Task brief → Starting at the top of the records below, write out each line exactly as it stands, stopping after the line with "doc.linetypes.add(name, pattern=pattern)"; exclude the pictures.

Data shown →

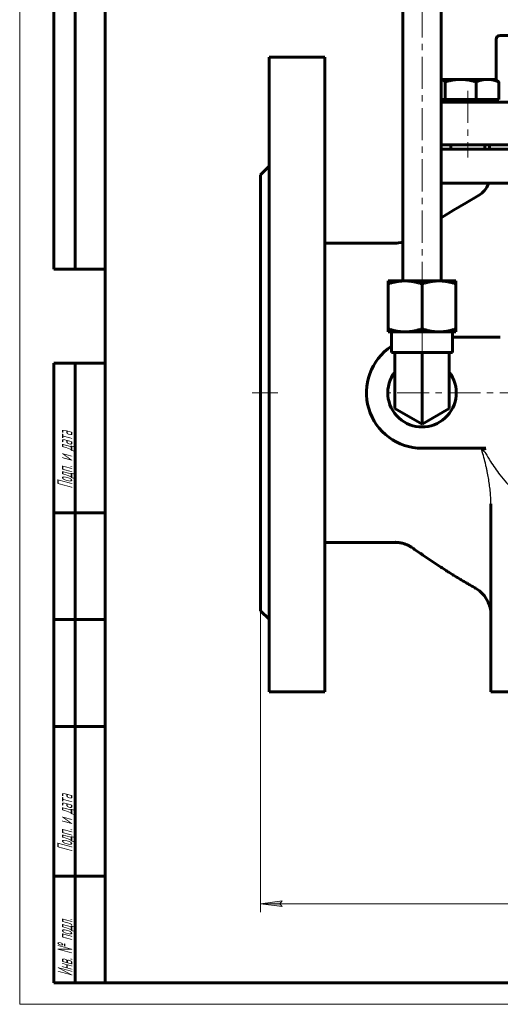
# Model space of a CAD drawing. Header units: millimetres. Extents: x 0 to 594, y 0 to 420.
# Tile 1 of 9: x 0 to 112, y 0 to 230. Entities that reach past the tile are written whole.
import ezdxf

# ---------------------------------------------------------------- set-up
doc = ezdxf.new("R2010")
doc.units = ezdxf.units.MM
for name, pattern in [('K5LT-1', [0]), ('K5LT_AXLED', [12, 7.5, -1.5, 1.5, -1.5]), ('K5LT_BASIC', [0]), ('K5LT_THIN', [0])]:
    doc.linetypes.add(name, pattern=pattern)
doc.layers.add('Системный слой', color=7, linetype='Continuous')
doc.layers.add('Системный слой (1)', color=7, linetype='Continuous', true_color=0x6c6c6c)
doc.styles.add('KDIMTEXTSTYLE', font='GOST_AU.SHX', dxfattribs={"width": 0.96, "oblique": 15, "height": 5})
doc.styles.add('KTEXTSTYLE', font='GOST_AU.SHX', dxfattribs={"width": 0.56, "height": 5})
doc.dimstyles.new('KDIMSTYLE (1.00)', dxfattribs={"dimtxt": 5, "dimasz": 1, "dimexe": 2, "dimexo": 0, "dimgap": 1, "dimtad": 1, "dimtxsty": 'KDIMTEXTSTYLE', "dimsah": 1, "dimcen": 0, "dimdle": 1, "dimadec": 0, "dimazin": 0, "dimtfac": 0.667, "dimtmove": 0, "dimatfit": 3, "dimfxl": 1, "dimtvp": 1, "dimtolj": 1, "dimtzin": 0, "dimarcsym": 0})

# ---------------------------------------------------------------- blocks, each defined once
blk = doc.blocks.new('U0')
at = {"layer": 'Системный слой (1)', "color": 143, "linetype": 'K5LT_BASIC', "lineweight": 60, "true_color": 0x33acca}
for p, q in [((164.86, 211.07), (98.61, 211.07)), ((231.86, 211.07), (164.86, 211.07))]:
    blk.add_line(p, q, dxfattribs=at)
blk = doc.blocks.new('U1')
at = {"layer": 'Системный слой (1)', "color": 143, "linetype": 'K5LT_BASIC', "lineweight": 60, "true_color": 0x33acca}
for p, q in [((231.62, 192.07), (98.61, 192.07)), ((239.86, 192.07), (239.62, 192.07))]:
    blk.add_line(p, q, dxfattribs=at)
blk = doc.blocks.new('U3')
at = {"layer": 'Системный слой (1)', "color": 143, "linetype": 'K5LT_BASIC', "lineweight": 60, "true_color": 0x33acca}
for p, q in [((231.68, 200.07), (98.61, 200.07)), ((239.86, 200.07), (239.68, 200.07))]:
    blk.add_line(p, q, dxfattribs=at)
blk = doc.blocks.new('U4')
at = {"layer": 'Системный слой (1)', "color": 143, "linetype": 'K5LT_BASIC', "lineweight": 60, "true_color": 0x33acca}
for p, q in [((98.61, 201.07), (231.69, 201.07)), ((239.69, 201.07), (239.86, 201.07))]:
    blk.add_line(p, q, dxfattribs=at)
blk = doc.blocks.new('U5')
at = {"layer": 'Системный слой (1)', "color": 143, "linetype": 'K5LT_BASIC', "lineweight": 60, "true_color": 0x33acca}
for p, q in [((164.86, 226.67), (112.42, 226.67)), ((217.3, 226.67), (164.86, 226.67))]:
    blk.add_line(p, q, dxfattribs=at)
blk = doc.blocks.new('U11')
at = {"layer": 'Системный слой (1)', "color": 143, "linetype": 'K5LT_BASIC', "lineweight": 60, "true_color": 0x33acca}
for p, q in [((107.3, 189.18), (104.4, 187.52)), ((104.4, 187.52), (101.5, 185.77)), ((101.5, 185.77), (98.61, 183.95))]:
    blk.add_line(p, q, dxfattribs=at)
blk = doc.blocks.new('U13')
at = {"layer": 'Системный слой (1)', "color": 143, "linetype": 'K5LT_BASIC', "lineweight": 60, "true_color": 0x33acca}
for p, q in [((107.53, 96.74), (106.65, 97.33)), ((108.74, 95.52), (107.53, 96.74)), ((109.62, 94.04), (108.74, 95.52)), ((109.86, 93.41), (109.62, 94.04)), ((110.1, 92.47), (109.96, 93.07)), ((110.18, 91.85), (110.1, 92.47)), ((110.21, 91.23), (110.18, 91.85))]:
    blk.add_line(p, q, dxfattribs=at)
blk = doc.blocks.new('U16')
at = {"layer": 'Системный слой (1)', "color": 143, "linetype": 'K5LT_BASIC', "lineweight": 60, "true_color": 0x33acca}
for p, q in [((87.83, 178.07), (87.83, 178.07)), ((87.83, 178.07), (87.83, 178.07)), ((87.83, 178.07), (87.83, 178.07)), ((87.83, 178.07), (87.83, 178.07)), ((87.83, 178.07), (87.83, 178.07)), ((87.83, 178.07), (87.83, 178.07)), ((87.83, 178.07), (87.83, 178.07)), ((87.83, 178.07), (87.83, 178.07)), ((87.83, 178.07), (87.83, 178.07)), ((87.83, 178.07), (87.83, 178.07)), ((87.83, 178.07), (87.83, 178.07)), ((87.83, 178.07), (87.83, 178.07)), ((87.83, 178.07), (87.84, 178.07)), ((87.84, 178.07), (87.85, 178.07)), ((87.85, 178.07), (87.88, 178.07)), ((87.88, 178.07), (87.93, 178.07)), ((87.93, 178.07), (88.03, 178.07)), ((88.03, 178.07), (88.22, 178.08)), ((88.22, 178.08), (88.62, 178.12)), ((88.62, 178.12), (89.21, 178.21)), ((89.21, 178.21), (89.61, 178.31))]:
    blk.add_line(p, q, dxfattribs=at)
blk = doc.blocks.new('U27')
at = {"layer": 'Системный слой (1)', "color": 143, "linetype": 'K5LT_BASIC', "lineweight": 60, "true_color": 0x33acca}
for p, q in [((98.9, 216.29), (98.61, 216.37)), ((99.19, 216.1), (98.9, 216.29)), ((99.5, 215.79), (99.19, 216.1))]:
    blk.add_line(p, q, dxfattribs=at)
blk = doc.blocks.new('D0')
at = {"layer": 'Системный слой (1)'}
for points in [[(56.36, 23.54), (61.36, 24.19), (60.86, 23.54), (61.36, 22.88)], [(273.36, 23.54), (268.36, 24.19), (268.86, 23.54), (268.36, 22.88)]]:
    blk.add_hatch(color=7, dxfattribs=at).paths.add_polyline_path(points)
at = {"layer": 'Системный слой (1)', "color": 7, "linetype": 'K5LT_THIN', "lineweight": 18, "true_color": 0xffffff}
for p, q in [((56.36, 92.07), (56.36, 21.54)), ((273.36, 92.07), (273.36, 21.54)), ((56.36, 23.54), (61.36, 24.19)), ((61.36, 22.88), (56.36, 23.54)), ((61.36, 24.19), (60.86, 23.54)), ((60.86, 23.54), (61.36, 22.88)), ((268.86, 23.54), (268.36, 24.19)), ((268.36, 24.19), (273.36, 23.54)), ((273.36, 23.54), (268.36, 22.88)), ((268.36, 22.88), (268.86, 23.54))]:
    blk.add_line(p, q, dxfattribs=at)
blk.add_wipeout([(159.72, 24.54), (159.72, 31.92), (169.59, 31.92), (169.59, 24.54)]).dxf.layer = 'Системный слой (1)'
blk.add_line((273.36, 23.54), (56.36, 23.54), dxfattribs=at)
at = {"layer": 'Системный слой (1)', "color": 7, "insert": (159.72, 31.12), "char_height": 5, "attachment_point": 1, "style": 'KTEXTSTYLE'}
blk.add_mtext('\\H5.0;\\W1.000;\\Q15;\\Q15;\\W0.960;217', dxfattribs=at)
blk = doc.blocks.new('KDIMARROW_01')
at = {"layer": 'Системный слой'}
blk.add_hatch(color=0, dxfattribs=at).paths.add_polyline_path([(0, 0), (-5, 0.66), (-4.5, 0), (-5, -0.66)])
at = {"layer": 'Системный слой', "color": 0, "linetype": 'K5LT_THIN', "lineweight": 18}
for p, q in [((-4.5, 0), (-5, 0.66)), ((-5, 0.66), (0, 0)), ((0, 0), (-5, -0.66)), ((-5, -0.66), (-4.5, 0))]:
    blk.add_line(p, q, dxfattribs=at)
at = {"layer": 'Системный слой (1)', "color": 0, "linetype": 'K5LT_THIN', "lineweight": 18}
blk.add_line((164.86, 143.07), (163.86, 143.07), dxfattribs=at)
blk = doc.blocks.new('U116')
at = {"color": 7, "linetype": 'K5LT_THIN', "lineweight": 18, "true_color": 0xffffff}
for p, q in [((0, 0), (0, 420)), ((594, 0), (0, 0))]:
    blk.add_line(p, q, dxfattribs=at)
at = {"color": 143, "linetype": 'K5LT_BASIC', "lineweight": 60, "true_color": 0x33acca}
for p, q in [((20, 5), (20, 415)), ((8, 172), (8, 292)), ((13, 172), (13, 292)), ((20, 172), (8, 172)), ((8, 5), (8, 150)), ((20, 150), (8, 150)), ((13, 5), (13, 150)), ((20, 115), (8, 115)), ((20, 90), (8, 90)), ((20, 65), (8, 65)), ((20, 30), (8, 30)), ((20, 5), (8, 5)), ((589, 5), (20, 5))]:
    blk.add_line(p, q, dxfattribs=at)
at = {"color": 7, "char_height": 3.5, "attachment_point": 1, "rotation": 90, "style": 'KTEXTSTYLE'}
for s, insert in [('\\H5.0;\\W1.000;\\Q15;\\Q15;\\W0.560;\\H3.50;Подп. и дата', (8.82, 120.66)), ('\\H5.0;\\W1.000;\\Q15;\\Q15;\\W0.560;\\H3.50;Подп. и дата', (8.82, 35.66)), ('\\H5.0;\\W1.000;\\Q15;\\Q15;\\W0.560;\\H3.50;Инв. № подл.', (8.82, 6.57))]:
    blk.add_mtext(s, dxfattribs=dict(at, insert=insert))

msp = doc.modelspace()

# ---------------------------------------------------------------- linework, layer by layer
at = {"layer": 'Системный слой (1)', "color": 30, "linetype": 'K5LT_AXLED', "lineweight": 18, "true_color": 0xff8000}
for p, q in [((94.11, 257.672), (94.11, 169.234)), ((104.811, 213.672), (104.811, 198.072)), ((94.11, 159.296), (94.11, 150.47)), ((54.363, 143.072), (60.363, 143.072)), ((263.78, 143.072), (85.825, 143.072))]:
    msp.add_line(p, q, dxfattribs=at)
at = {"layer": 'Системный слой (1)', "color": 143, "linetype": 'K5LT_BASIC', "lineweight": 60, "true_color": 0x33acca}
for p, q in [((89.61, 169.234), (89.61, 255.672)), ((98.61, 169.234), (98.61, 255.672)), ((111.422, 216.308), (111.422, 225.672)), ((58.363, 221.572), (71.363, 221.572)), ((58.363, 221.572), (58.363, 73.072)), ((71.363, 221.572), (71.363, 73.072)), ((98.61, 216.372), (103.128, 216.372)), ((99.504, 211.672), (99.504, 215.792)), ((103.128, 216.372), (109.407, 216.372)), ((106.753, 211.672), (106.753, 215.792)), ((109.407, 216.372), (111.311, 216.372)), ((111.311, 216.372), (111.54, 216.24)), ((112.061, 211.672), (112.061, 215.792)), ((99.504, 211.672), (98.61, 211.672)), ((103.128, 211.672), (99.504, 211.672)), ((106.753, 211.672), (103.128, 211.672)), ((109.407, 211.672), (106.753, 211.672)), ((112.061, 211.672), (109.407, 211.672)), ((111.311, 211.672), (111.311, 211.072)), ((100.811, 201.072), (100.811, 200.072)), ((108.811, 201.072), (108.811, 200.072)), ((109.863, 201.072), (109.863, 200.072)), ((56.363, 194.072), (58.363, 196.072)), ((56.363, 194.072), (56.363, 92.072)), ((71.363, 178.072), (87.825, 178.072)), ((86.172, 169.234), (90.141, 169.234)), ((86.172, 168.525), (86.172, 169.234)), ((86.172, 168.525), (86.172, 158.005)), ((90.141, 169.234), (98.079, 169.234)), ((94.11, 168.525), (94.11, 158.005)), ((98.079, 169.234), (102.047, 169.234)), ((102.047, 169.234), (102.047, 168.525)), ((102.047, 168.525), (102.047, 158.005)), ((86.172, 157.296), (86.172, 158.005)), ((90.141, 157.296), (86.172, 157.296)), ((86.966, 157.296), (86.966, 152.47)), ((98.079, 157.296), (90.141, 157.296)), ((102.047, 157.296), (98.079, 157.296)), ((101.254, 157.296), (101.254, 152.47)), ((102.047, 158.005), (102.047, 157.296)), ((108.041, 156.072), (101.254, 156.072)), ((108.041, 156.072), (112.401, 156.072)), ((86.966, 152.47), (87.76, 152.47)), ((87.76, 152.47), (88.101, 152.47)), ((87.76, 143.072), (87.76, 152.47)), ((88.101, 152.47), (93.769, 152.47)), ((93.769, 152.47), (94.11, 152.47)), ((94.11, 152.47), (94.451, 152.47)), ((94.11, 143.072), (94.11, 152.47)), ((94.451, 152.47), (100.119, 152.47)), ((100.119, 152.47), (100.46, 152.47)), ((100.46, 152.47), (101.254, 152.47)), ((100.46, 143.072), (100.46, 152.47)), ((87.76, 139.406), (87.76, 143.072)), ((94.11, 135.74), (94.11, 143.072)), ((100.46, 139.406), (100.46, 143.072)), ((94.11, 135.74), (87.76, 139.406)), ((100.46, 139.406), (94.11, 135.74)), ((94.11, 130.072), (108.041, 130.072)), ((108.041, 130.072), (109.036, 130.072)), ((110.21, 117.096), (110.21, 73.072)), ((71.363, 108.072), (87.825, 108.072)), ((109.863, 93.41), (109.863, 93.072)), ((110.004, 93.072), (109.863, 93.072)), ((56.363, 92.072), (58.363, 90.072)), ((58.363, 73.072), (71.363, 73.072)), ((110.21, 73.072), (115.21, 73.072))]:
    msp.add_line(p, q, dxfattribs=at)
for centre, radius, start, end in [((112.422, 225.672), 1, 90, 180), ((110.422, 212.072), 1, 332.71578, 336.42807), ((104.863, 193.548), 5, 299.19952, 342.58551), ((94.11, 143.072), 13, 123.33404, 270), ((94.11, 143.072), 8.008, 142.46167, 37.53833)]:
    msp.add_arc(centre, radius, start, end, dxfattribs=at)
for points, weights in [([(103.128, 216.372), (101.446, 216.372), (99.504, 215.792)], [1, 1.0379548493, 1]), ([(106.753, 215.792), (104.811, 216.372), (103.128, 216.372)], [1, 1.0379548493, 1]), ([(109.407, 216.372), (108.175, 216.372), (106.753, 215.792)], [1, 1.0379548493, 1]), ([(112.061, 215.792), (110.638, 216.372), (109.407, 216.372)], [1, 1.0379548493, 1]), ([(111.54, 216.24), (111.786, 216.098), (112.061, 215.792)], [1.01895293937, 1.01965908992, 1]), ([(90.141, 169.234), (88.299, 169.234), (86.172, 168.525)], [1, 1.0852999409, 1.09330827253]), ([(94.11, 168.525), (91.983, 169.234), (90.141, 169.234)], [1.09330827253, 1.0852999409, 1]), ([(98.079, 169.234), (96.237, 169.234), (94.11, 168.525)], [1, 1.0852999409, 1.09330827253]), ([(102.047, 168.525), (99.921, 169.234), (98.079, 169.234)], [1.09330827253, 1.0852999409, 1]), ([(86.172, 158.005), (88.299, 157.296), (90.141, 157.296)], [1.09330827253, 1.0852999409, 1]), ([(90.141, 157.296), (91.983, 157.296), (94.11, 158.005)], [1, 1.0852999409, 1.09330827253]), ([(94.11, 158.005), (96.237, 157.296), (98.079, 157.296)], [1.09330827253, 1.0852999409, 1]), ([(98.079, 157.296), (99.921, 157.296), (102.047, 158.005)], [1, 1.0852999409, 1.09330827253])]:
    msp.add_rational_spline(points, weights, degree=2, dxfattribs=at)
for points, knots in [([(108.081, 129.693), (108.082, 129.694), (108.085, 129.696), (108.089, 129.697), (108.094, 129.699), (108.103, 129.703), (108.129, 129.713), (108.263, 129.765), (108.477, 129.85), (108.766, 129.966), (108.942, 130.036), (109.036, 130.072)], [0, 0, 0, 0, 0.0456376, 0.0919385, 0.1390133, 0.2047121, 0.4010664, 1.0341287, 4.7910833, 8.0031683, 12, 12, 12, 12]), ([(87.825, 108.073), (87.826, 108.073), (87.827, 108.073), (87.828, 108.073), (87.829, 108.073), (87.832, 108.073), (87.834, 108.073), (87.839, 108.073), (87.842, 108.073), (87.852, 108.073), (87.858, 108.073), (87.877, 108.073), (87.89, 108.073), (87.927, 108.072), (87.951, 108.072), (88.024, 108.07), (88.072, 108.069), (88.212, 108.063), (88.305, 108.057), (88.579, 108.034), (88.759, 108.012), (89.223, 107.936), (89.506, 107.872), (90.062, 107.71), (90.335, 107.612), (90.866, 107.383), (91.125, 107.252), (91.553, 107.001), (91.727, 106.889), (91.895, 106.769)], [0, 0, 0, 0, 0.0086951, 0.0086951, 0.0217377, 0.0217377, 0.0456491, 0.0456491, 0.0912982, 0.0912982, 0.1804226, 0.1804226, 0.3543238, 0.3543238, 0.6934313, 0.6934313, 1.3542561, 1.3542561, 2.6411256, 2.6411256, 5.1453048, 5.1453048, 9.1451961, 9.1451961, 13.1450875, 13.1450875, 17.1449788, 17.1449788, 19.9990735, 19.9990735, 19.9990735, 19.9990735]), ([(110.004, 93.072), (109.996, 93.094), (109.984, 93.129), (109.967, 93.173), (109.949, 93.22), (109.931, 93.263), (109.914, 93.302), (109.899, 93.336), (109.883, 93.369), (109.872, 93.391), (109.865, 93.406), (109.863, 93.41), (109.863, 93.41)], [0, 0, 0, 0, 1.0160908, 1.7934337, 2.6154853, 4.0866722, 5.1208816, 6.2116057, 7.9089313, 9.8112356, 10.9489635, 13, 13, 13, 13])]:
    msp.add_open_spline(points, degree=3, knots=knots, dxfattribs=at)
at = {"layer": 'Системный слой (1)', "color": 7, "linetype": 'K5LT-1'}
for points, knots in [([(108.081, 129.694), (108.093, 129.688), (108.118, 129.676), (108.155, 129.657), (108.192, 129.638), (108.241, 129.612), (108.301, 129.578), (108.388, 129.527), (108.489, 129.462), (108.62, 129.367), (108.725, 129.275), (108.806, 129.191), (108.859, 129.131), (108.904, 129.072), (108.937, 129.022), (108.954, 128.993), (108.963, 128.978), (108.967, 128.97)], [0, 0, 0, 0, 1.7510234, 3.5020469, 5.2530703, 7.0040938, 10.5061406, 14.0081875, 19.7969928, 25.585798, 34.5503714, 37.460987, 40.3716025, 44.6858013, 46.8429006, 47.9214503, 49, 49, 49, 49]), ([(110.21, 117.096), (110.21, 117.597), (110.183, 118.601), (110.07, 120.113), (109.893, 121.624), (109.658, 123.137), (109.419, 124.393), (109.204, 125.392), (108.952, 126.487), (108.588, 127.922), (108.255, 129.104), (108.081, 129.693)], [0, 0, 0, 0, 0.1500015, 0.300003, 0.4500045, 0.600006, 0.7529555, 0.8294302, 0.9059049, 1.0885112, 1.2711175, 1.2711175, 1.2711175, 1.2711175]), ([(108.967, 128.97), (109.335, 128.305), (110.372, 126.562), (112.505, 123.54), (115.036, 120.62), (117.536, 118.144), (119.715, 116.196), (122.107, 114.271), (123.846, 113.016), (124.731, 112.411)], [0, 0, 0, 0, 4.1277082, 11.0072218, 20.0571736, 25.0805814, 30.1039892, 35.9230448, 41.7421004, 41.7421004, 41.7421004, 41.7421004])]:
    msp.add_open_spline(points, degree=3, knots=knots, dxfattribs=at)
at = {"layer": 'Системный слой (1)', "color": 143, "linetype": 'K5LT_BASIC', "lineweight": 60, "true_color": 0x33acca}
msp.add_open_spline([(106.655, 97.326), (99.255, 101.509), (91.894, 106.768)], degree=2, dxfattribs=at)

# ---------------------------------------------------------------- block references
at = {"layer": 'Системный слой (1)'}
for name in ['U5', 'U27', 'U0', 'U4', 'U3', 'U1', 'U11', 'U16', 'U13']:
    msp.add_blockref(name, (0, 0), dxfattribs=at)

# ---------------------------------------------------------------- next in the draw order: dimensions: what is measured, and where the dimension line sits
at = {"layer": 'Системный слой (1)', "color": 7}
dim = msp.add_linear_dim(base=(273.363, 23.536), p1=(56.363, 92.072), p2=(273.363, 92.072), dimstyle='KDIMSTYLE (1.00)', override={"dimexo": 0, "dimpost": '\\H5.0;\\W0.960;\\Q15;<>', "dimblk1": 'KDIMARROW_01', "dimblk2": 'KDIMARROW_01', "dimse1": 0, "dimse2": 0, "dimclrt": 7, "dimtol": 1, "dimtp": 0, "dimtm": 0, "dimtdec": 5, "dimtolj": 1}, dxfattribs=at)
dim.commit()
dim.dimension.update_dxf_attribs({"geometry": 'D0', "text_midpoint": (164.863, 23.536), "dimtype": 160})

# ---------------------------------------------------------------- next in the draw order: block references
msp.add_blockref('U116', (0, 0))

doc.saveas('drawing.dxf')

Solved exercise →
# Model space of a CAD drawing. Header units: millimetres. Extents: x 0 to 594, y 0 to 420.
# Tile 1 of 9: x 0 to 112, y 0 to 230. Entities that reach past the tile are written whole.
import ezdxf

# ---------------------------------------------------------------- set-up
doc = ezdxf.new("R2010")
doc.units = ezdxf.units.MM
for name, pattern in [('K5LT-1', [0]), ('K5LT_AXLED', [12, 7.5, -1.5, 1.5, -1.5]), ('K5LT_BASIC', [0]), ('K5LT_THIN', [0])]:
    doc.linetypes.add(name, pattern=pattern)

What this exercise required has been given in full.